> **Stored data**:
>>>>>
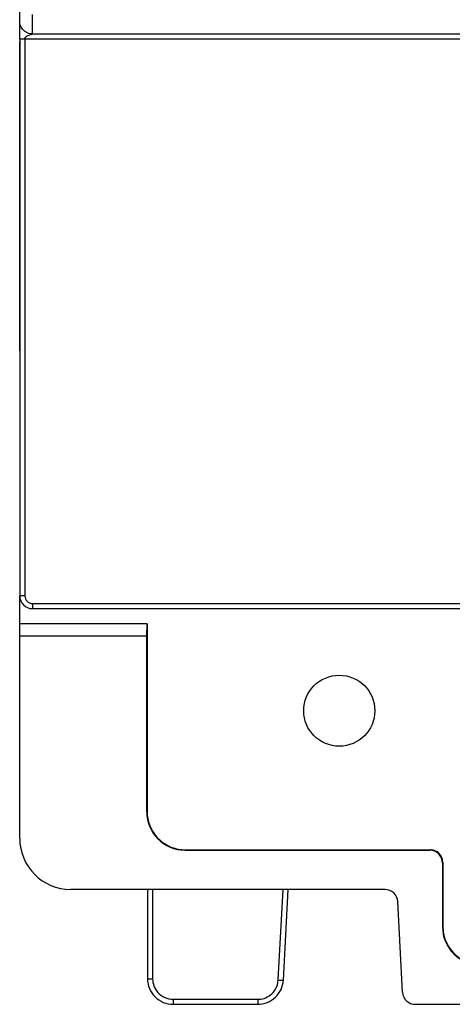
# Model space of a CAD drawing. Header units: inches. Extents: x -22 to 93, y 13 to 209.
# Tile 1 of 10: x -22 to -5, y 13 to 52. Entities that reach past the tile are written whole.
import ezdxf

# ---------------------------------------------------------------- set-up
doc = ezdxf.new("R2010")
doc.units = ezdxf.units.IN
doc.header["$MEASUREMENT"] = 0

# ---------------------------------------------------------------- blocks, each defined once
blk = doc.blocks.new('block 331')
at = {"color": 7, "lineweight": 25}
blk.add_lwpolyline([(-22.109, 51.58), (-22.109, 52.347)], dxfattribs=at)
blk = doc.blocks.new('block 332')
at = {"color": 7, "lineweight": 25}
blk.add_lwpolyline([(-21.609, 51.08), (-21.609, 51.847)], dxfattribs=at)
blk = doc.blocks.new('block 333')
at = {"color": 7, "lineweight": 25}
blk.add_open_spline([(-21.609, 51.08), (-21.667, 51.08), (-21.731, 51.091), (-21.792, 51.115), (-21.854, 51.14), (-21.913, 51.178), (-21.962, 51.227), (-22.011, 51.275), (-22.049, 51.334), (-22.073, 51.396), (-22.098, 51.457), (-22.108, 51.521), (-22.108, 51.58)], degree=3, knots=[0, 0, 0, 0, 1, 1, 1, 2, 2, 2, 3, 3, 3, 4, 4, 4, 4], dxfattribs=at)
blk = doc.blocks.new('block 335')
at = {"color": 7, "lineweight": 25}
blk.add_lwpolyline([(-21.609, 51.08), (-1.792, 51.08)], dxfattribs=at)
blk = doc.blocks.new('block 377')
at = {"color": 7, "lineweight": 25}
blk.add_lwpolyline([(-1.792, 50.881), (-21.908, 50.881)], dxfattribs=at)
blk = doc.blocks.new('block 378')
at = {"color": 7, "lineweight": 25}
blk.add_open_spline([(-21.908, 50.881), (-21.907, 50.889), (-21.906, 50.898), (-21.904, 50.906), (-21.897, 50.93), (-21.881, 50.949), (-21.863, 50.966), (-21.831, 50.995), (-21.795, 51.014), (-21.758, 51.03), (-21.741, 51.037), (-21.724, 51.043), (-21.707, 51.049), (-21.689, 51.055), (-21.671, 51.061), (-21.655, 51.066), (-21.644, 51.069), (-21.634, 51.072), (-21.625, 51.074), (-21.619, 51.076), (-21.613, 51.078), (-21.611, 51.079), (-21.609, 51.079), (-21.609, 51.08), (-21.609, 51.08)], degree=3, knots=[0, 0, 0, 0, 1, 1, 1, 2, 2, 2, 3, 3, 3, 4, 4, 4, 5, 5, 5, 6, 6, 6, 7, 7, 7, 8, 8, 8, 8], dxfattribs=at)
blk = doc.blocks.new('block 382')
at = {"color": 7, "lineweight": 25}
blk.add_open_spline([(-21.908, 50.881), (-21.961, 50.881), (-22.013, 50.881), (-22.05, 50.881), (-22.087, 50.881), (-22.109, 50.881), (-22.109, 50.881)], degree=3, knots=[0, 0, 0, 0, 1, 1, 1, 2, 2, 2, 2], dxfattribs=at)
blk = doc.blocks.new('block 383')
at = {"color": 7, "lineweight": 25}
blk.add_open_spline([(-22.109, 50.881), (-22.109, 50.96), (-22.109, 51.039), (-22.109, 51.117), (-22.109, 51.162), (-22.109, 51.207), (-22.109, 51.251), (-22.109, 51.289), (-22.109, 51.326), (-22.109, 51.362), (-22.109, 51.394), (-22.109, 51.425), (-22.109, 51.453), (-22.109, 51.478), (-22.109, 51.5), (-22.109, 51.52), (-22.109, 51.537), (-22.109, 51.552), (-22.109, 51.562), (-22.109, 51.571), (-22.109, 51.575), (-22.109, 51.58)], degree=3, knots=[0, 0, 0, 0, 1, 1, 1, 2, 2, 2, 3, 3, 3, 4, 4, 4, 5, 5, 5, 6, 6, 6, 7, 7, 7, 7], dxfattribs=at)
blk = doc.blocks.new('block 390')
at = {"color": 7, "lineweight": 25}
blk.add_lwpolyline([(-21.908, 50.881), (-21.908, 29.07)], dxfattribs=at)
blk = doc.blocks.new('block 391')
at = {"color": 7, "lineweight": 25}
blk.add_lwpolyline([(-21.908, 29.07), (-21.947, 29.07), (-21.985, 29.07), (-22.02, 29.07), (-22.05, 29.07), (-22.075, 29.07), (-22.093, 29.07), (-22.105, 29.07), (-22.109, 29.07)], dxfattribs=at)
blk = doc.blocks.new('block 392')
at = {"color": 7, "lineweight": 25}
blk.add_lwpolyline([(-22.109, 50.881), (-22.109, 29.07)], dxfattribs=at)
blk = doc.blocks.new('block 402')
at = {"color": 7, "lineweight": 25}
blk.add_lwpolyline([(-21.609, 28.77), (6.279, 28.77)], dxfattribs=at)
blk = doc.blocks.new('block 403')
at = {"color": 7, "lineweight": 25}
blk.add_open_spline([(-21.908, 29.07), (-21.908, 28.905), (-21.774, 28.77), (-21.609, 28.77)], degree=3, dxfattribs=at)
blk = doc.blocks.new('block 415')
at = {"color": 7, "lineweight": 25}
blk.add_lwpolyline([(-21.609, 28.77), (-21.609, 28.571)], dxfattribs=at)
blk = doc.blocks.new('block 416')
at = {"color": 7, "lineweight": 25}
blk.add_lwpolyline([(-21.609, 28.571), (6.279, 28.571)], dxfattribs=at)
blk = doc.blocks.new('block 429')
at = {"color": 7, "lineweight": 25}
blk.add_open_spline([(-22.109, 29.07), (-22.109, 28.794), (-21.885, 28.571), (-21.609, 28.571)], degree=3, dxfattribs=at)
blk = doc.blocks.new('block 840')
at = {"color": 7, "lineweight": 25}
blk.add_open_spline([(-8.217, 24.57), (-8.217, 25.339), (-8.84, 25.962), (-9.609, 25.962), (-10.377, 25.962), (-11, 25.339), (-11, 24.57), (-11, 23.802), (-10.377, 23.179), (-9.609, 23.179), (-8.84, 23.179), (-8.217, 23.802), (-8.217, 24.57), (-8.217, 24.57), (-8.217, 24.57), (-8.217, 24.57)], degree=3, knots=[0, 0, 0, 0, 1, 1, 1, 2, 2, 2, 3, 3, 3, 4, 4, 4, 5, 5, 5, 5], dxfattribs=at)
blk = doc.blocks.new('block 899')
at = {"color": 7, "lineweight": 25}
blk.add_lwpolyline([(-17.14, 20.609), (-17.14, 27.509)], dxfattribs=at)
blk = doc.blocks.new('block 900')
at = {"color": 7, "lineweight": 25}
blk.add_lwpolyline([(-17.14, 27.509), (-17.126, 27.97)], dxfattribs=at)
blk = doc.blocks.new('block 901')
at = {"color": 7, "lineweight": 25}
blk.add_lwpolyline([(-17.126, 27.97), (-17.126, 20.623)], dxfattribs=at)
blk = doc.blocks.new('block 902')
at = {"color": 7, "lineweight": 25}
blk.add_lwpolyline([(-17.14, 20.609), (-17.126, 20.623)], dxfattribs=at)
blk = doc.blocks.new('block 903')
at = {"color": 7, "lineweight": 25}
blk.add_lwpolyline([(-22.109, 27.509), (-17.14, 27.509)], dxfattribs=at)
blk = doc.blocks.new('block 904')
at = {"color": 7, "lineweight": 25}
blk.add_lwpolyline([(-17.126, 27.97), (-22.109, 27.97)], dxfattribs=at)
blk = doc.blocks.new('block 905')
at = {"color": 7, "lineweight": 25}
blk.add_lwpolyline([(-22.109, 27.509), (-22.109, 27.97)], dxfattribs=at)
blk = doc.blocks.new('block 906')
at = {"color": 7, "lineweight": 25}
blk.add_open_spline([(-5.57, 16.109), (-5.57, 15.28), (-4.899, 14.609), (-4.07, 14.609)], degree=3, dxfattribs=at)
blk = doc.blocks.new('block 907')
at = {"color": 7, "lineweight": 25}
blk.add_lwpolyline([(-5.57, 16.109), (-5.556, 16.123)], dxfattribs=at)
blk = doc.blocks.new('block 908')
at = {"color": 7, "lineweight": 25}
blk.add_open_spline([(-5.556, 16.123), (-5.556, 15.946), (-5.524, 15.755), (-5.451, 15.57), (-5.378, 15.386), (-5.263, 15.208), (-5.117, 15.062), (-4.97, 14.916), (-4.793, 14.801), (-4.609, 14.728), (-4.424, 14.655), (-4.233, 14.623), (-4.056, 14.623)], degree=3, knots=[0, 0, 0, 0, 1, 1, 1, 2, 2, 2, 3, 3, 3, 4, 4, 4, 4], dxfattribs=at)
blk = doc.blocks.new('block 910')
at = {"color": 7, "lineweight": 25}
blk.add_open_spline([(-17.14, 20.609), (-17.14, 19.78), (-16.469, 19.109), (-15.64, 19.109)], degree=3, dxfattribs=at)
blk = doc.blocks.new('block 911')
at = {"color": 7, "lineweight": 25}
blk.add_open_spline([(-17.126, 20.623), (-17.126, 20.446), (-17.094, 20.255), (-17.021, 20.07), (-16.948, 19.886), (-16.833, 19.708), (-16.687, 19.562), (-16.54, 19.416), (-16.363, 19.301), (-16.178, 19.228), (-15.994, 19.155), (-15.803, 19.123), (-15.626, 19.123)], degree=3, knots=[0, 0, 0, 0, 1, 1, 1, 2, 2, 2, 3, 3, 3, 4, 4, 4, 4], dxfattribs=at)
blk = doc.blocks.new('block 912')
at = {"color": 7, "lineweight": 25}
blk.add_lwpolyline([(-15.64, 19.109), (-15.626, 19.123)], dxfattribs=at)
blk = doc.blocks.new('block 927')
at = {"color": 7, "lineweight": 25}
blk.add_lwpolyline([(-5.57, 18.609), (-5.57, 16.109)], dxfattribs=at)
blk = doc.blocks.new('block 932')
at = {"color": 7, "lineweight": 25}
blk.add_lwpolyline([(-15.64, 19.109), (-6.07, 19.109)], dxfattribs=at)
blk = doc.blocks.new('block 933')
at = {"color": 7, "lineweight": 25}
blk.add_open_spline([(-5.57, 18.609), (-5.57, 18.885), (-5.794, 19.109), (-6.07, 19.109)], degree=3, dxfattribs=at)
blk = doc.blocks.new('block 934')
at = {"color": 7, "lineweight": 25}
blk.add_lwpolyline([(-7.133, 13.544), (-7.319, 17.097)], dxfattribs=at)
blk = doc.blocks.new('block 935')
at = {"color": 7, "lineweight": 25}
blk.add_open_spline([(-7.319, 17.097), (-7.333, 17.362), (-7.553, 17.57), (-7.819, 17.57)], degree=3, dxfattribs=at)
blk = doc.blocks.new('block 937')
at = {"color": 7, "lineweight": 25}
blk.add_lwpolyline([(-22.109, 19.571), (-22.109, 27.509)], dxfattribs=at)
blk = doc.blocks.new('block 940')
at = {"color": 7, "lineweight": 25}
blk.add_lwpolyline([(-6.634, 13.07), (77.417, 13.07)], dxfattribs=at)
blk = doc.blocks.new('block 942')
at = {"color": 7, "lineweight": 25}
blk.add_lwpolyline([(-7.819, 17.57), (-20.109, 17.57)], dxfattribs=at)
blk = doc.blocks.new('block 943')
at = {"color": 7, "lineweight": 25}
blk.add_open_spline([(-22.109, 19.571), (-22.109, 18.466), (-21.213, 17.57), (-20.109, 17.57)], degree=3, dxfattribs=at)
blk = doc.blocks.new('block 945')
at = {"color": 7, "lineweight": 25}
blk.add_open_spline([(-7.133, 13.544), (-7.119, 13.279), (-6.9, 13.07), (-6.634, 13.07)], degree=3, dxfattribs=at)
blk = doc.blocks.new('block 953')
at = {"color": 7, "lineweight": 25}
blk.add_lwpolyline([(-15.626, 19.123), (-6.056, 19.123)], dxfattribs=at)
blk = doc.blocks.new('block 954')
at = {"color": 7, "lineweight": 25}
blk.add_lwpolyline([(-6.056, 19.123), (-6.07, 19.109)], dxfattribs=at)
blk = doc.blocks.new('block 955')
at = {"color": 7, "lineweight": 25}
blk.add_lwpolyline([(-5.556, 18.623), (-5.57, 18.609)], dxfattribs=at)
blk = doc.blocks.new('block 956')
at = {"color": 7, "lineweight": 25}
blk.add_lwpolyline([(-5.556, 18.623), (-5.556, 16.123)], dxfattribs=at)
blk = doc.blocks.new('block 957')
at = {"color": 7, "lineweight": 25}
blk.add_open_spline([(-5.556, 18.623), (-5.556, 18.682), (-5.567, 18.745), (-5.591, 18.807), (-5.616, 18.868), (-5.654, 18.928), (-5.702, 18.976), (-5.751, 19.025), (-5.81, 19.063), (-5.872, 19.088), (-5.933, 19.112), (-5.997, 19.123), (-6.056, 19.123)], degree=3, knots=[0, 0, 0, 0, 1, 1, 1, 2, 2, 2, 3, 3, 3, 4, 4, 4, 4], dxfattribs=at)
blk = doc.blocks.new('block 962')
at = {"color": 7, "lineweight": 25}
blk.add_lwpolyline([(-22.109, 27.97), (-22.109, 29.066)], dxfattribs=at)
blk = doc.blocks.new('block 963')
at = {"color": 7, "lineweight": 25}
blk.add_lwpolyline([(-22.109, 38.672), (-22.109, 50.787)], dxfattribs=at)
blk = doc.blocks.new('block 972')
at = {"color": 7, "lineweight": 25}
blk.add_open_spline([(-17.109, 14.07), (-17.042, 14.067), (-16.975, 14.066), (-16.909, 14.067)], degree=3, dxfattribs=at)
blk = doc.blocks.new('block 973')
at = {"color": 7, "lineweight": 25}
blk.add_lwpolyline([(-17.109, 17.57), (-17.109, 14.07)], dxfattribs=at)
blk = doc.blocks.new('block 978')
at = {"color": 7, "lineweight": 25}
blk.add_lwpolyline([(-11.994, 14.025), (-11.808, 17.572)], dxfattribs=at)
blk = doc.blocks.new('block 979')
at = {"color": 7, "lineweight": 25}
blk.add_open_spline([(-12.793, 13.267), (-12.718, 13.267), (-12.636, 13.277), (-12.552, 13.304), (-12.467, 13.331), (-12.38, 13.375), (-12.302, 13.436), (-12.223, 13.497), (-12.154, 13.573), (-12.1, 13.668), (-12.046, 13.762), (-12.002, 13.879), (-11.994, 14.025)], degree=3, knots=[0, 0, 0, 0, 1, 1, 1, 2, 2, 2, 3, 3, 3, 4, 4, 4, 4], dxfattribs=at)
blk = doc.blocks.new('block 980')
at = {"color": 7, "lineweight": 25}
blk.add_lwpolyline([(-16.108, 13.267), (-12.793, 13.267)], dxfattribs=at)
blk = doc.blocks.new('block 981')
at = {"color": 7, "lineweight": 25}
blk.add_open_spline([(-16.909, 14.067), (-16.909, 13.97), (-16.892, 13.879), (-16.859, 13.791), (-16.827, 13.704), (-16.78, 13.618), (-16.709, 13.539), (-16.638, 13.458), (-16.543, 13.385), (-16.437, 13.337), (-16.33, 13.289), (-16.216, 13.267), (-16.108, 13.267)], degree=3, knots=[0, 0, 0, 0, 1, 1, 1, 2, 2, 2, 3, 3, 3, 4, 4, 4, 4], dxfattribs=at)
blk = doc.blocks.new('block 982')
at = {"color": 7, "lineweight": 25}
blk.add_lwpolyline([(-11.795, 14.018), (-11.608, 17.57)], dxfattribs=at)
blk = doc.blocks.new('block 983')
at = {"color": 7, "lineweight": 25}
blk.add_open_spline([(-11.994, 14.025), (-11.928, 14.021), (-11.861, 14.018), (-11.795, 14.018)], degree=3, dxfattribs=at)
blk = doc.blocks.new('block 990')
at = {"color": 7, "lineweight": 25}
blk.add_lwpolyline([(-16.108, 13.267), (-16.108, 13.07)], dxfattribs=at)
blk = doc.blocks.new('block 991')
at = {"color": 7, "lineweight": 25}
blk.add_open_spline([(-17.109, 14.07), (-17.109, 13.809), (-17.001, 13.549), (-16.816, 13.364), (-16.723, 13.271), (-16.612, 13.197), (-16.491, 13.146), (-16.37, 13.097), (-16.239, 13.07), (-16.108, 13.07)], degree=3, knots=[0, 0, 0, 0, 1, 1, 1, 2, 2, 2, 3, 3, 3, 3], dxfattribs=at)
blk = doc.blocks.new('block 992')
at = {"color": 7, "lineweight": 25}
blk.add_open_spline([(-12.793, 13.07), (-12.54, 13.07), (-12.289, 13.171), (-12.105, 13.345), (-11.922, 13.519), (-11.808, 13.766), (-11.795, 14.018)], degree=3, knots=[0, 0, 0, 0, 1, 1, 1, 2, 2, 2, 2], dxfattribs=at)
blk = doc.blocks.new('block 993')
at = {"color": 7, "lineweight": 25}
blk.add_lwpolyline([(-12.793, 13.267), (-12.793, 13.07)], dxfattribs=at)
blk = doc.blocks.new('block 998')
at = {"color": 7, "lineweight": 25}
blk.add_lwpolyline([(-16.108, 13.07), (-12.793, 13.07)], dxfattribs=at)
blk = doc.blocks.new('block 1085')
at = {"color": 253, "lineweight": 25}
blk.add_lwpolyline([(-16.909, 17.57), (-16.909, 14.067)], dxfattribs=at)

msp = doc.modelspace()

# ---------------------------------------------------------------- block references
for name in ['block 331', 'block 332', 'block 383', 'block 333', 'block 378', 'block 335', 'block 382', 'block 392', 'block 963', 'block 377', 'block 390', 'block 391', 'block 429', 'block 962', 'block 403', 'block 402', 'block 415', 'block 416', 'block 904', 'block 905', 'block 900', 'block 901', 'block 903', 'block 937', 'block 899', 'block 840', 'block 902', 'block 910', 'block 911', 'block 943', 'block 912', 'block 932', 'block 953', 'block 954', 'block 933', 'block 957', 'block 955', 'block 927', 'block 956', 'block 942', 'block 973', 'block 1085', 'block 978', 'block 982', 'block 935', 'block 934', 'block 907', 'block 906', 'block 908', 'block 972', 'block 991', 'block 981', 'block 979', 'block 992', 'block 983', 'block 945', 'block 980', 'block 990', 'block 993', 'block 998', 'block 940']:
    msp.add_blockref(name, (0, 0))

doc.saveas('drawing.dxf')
<<<<<
> **Task statement**: Return all lines from the entries that contain the string "drawing".

> **Answer section**:
# Model space of a CAD drawing. Header units: inches. Extents: x -22 to 93, y 13 to 209.
doc.saveas('drawing.dxf')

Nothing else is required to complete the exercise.